AIM OF THE EXERCISE.
For the material that follows, list every line containing the word "agent".

TASK INPUT.
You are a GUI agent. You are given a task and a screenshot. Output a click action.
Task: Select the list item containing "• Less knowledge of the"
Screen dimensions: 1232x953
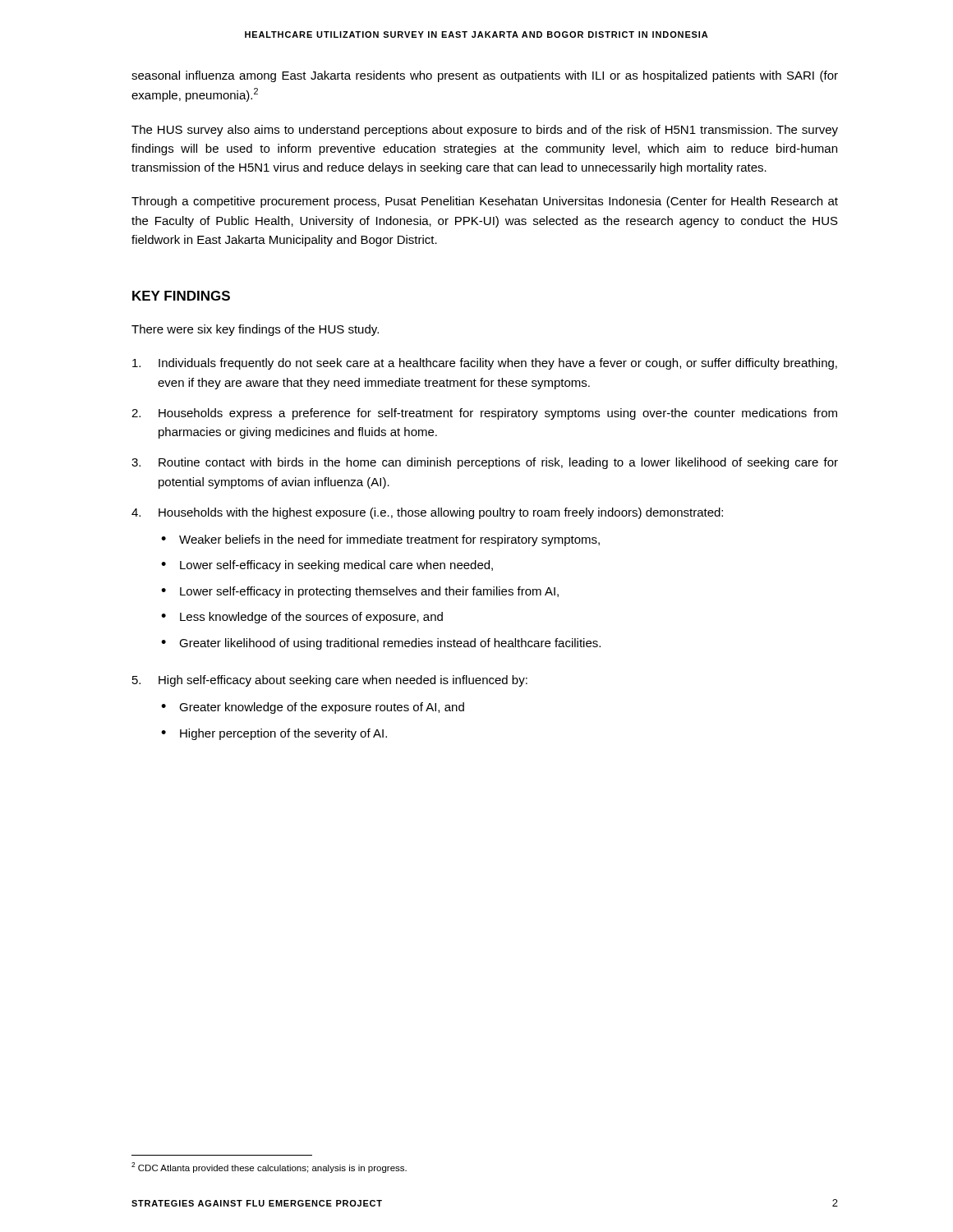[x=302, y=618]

* * *

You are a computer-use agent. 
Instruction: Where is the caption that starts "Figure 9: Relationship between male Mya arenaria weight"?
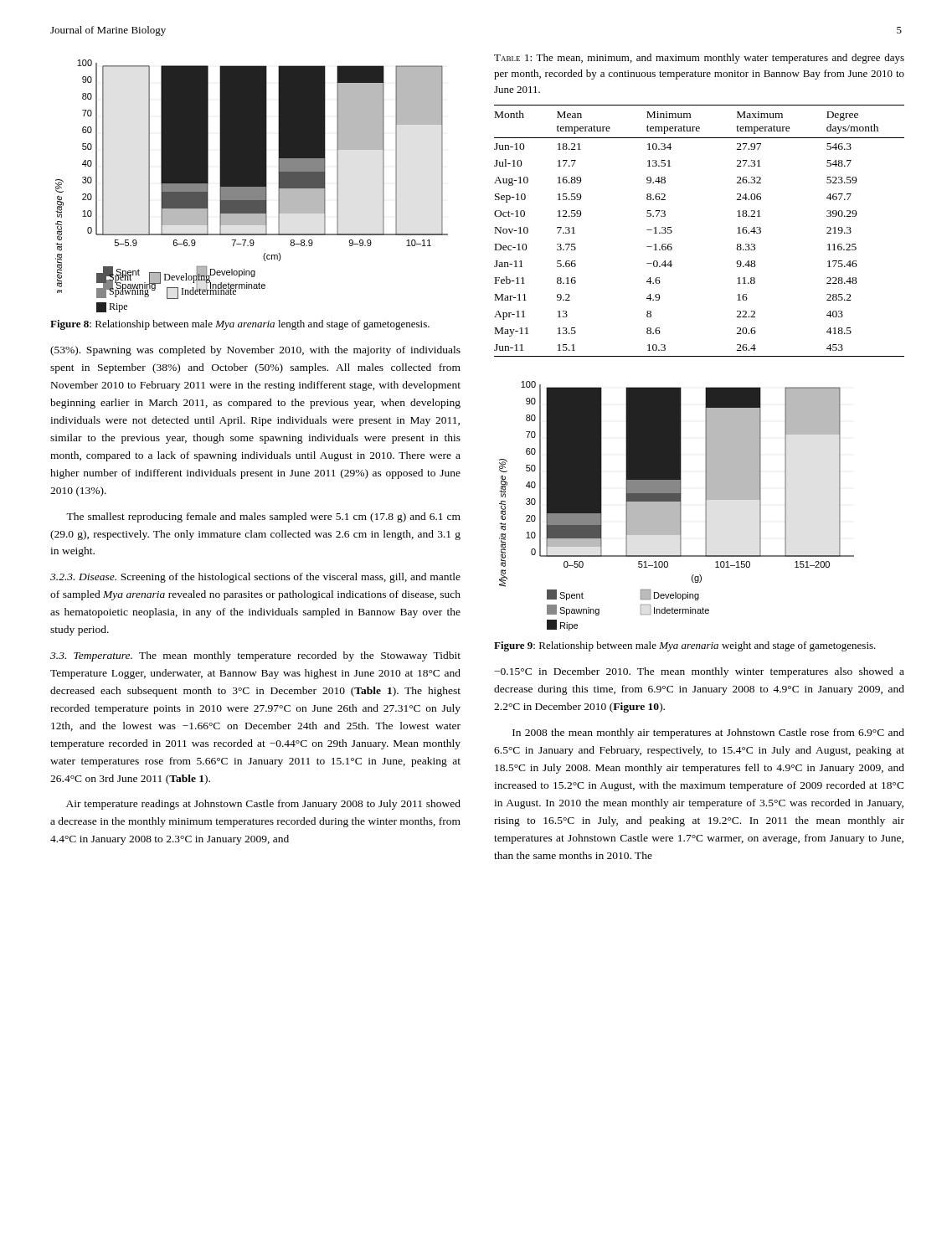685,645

RESPONSE FOR THIS EXERCISE.
You are a GUI agent. You are given a task and a screenshot. Output a click action.
You are a computer-use agent. 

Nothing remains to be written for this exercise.